The SBOM and the audit trail together are the evidence packet. Everything else is derived.
Honest limits
State these limits explicitly to consumers of the skill, in PR comments and in audit-package documentation.
- Dynamic linking and obfuscation — SCA cannot see what is dynamically linked into a binary at runtime, nor can it identify obfuscated Java (ProGuard, R8) or stripped native binaries.
- Reachability ≠ obligation — A copyleft dependency reached only on a dead code path is still distributed and still triggers obligations.
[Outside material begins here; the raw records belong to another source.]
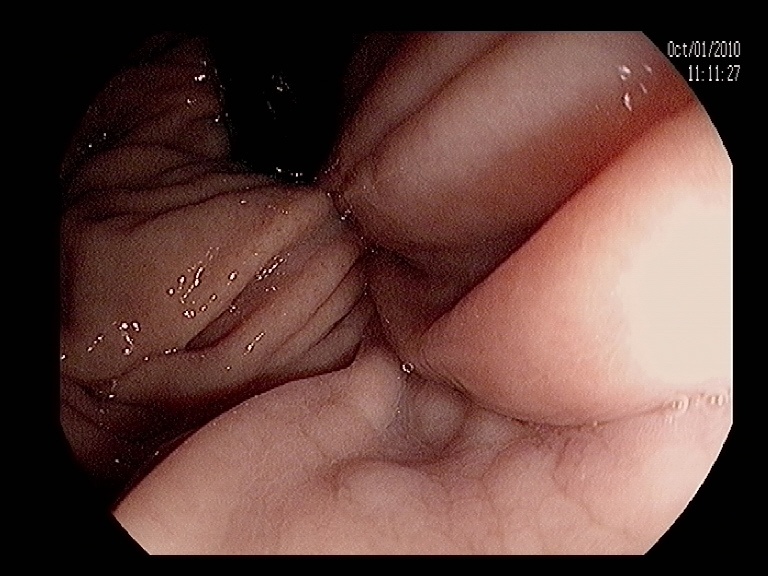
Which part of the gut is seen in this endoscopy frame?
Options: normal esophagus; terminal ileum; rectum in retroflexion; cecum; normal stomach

normal stomach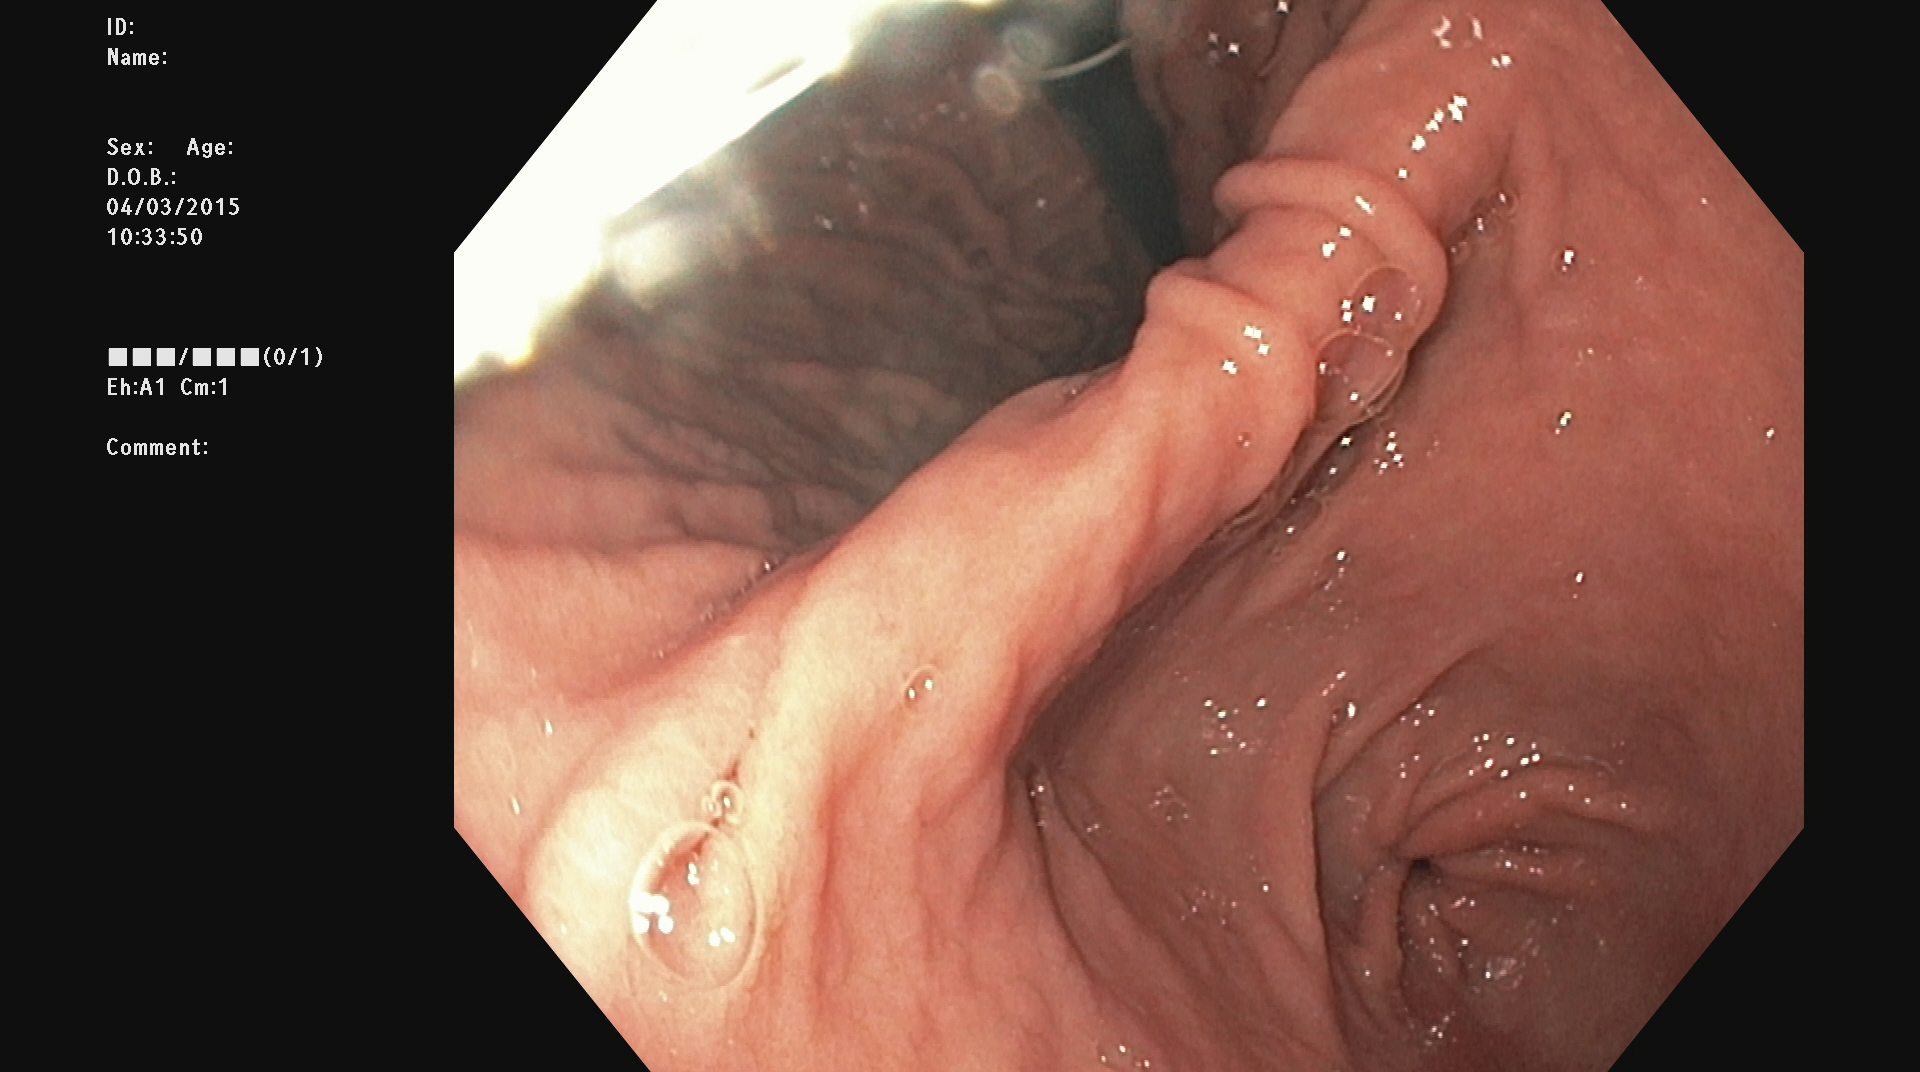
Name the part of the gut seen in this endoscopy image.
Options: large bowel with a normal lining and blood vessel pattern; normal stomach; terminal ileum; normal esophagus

normal stomach

Do not let runtime SCA reachability filters quietly suppress legal risk.
- Snippet false positives — Boilerplate, autogenerated stubs, and standard algorithms produce constant noise. Confidence thresholds and persisted triage decisions in
.ort.yml are the only way to keep alert fatigue manageable.
- License-change events — A dependency licensed permissively today may relicense tomorrow (Redis 2024, HashiCorp 2023, Elastic 2021/2024). Continuous monitoring of upstream license metadata is required; a one-time scan ages out fast.
- Stack Overflow CC-SA — Up to 33% of identified license conflicts in enterprise audits trace to Stack Overflow snippet pasting. Snippet scanning is the only line of defense.
- The agent is non-deterministic — Two runs of the same agentic prompt against the same input may differ. Pin model versions, log prompts, and treat the audit log as the artifact rather than the model output itself.
Skill scope boundaries
This skill is a compliance oracle. It does not replace external legal counsel. When a finding has commercial consequences (M&A, large-scale copyleft contamination, willful violation exposure), the artifact this skill produces is the evidence packet for counsel; the legal judgment is theirs.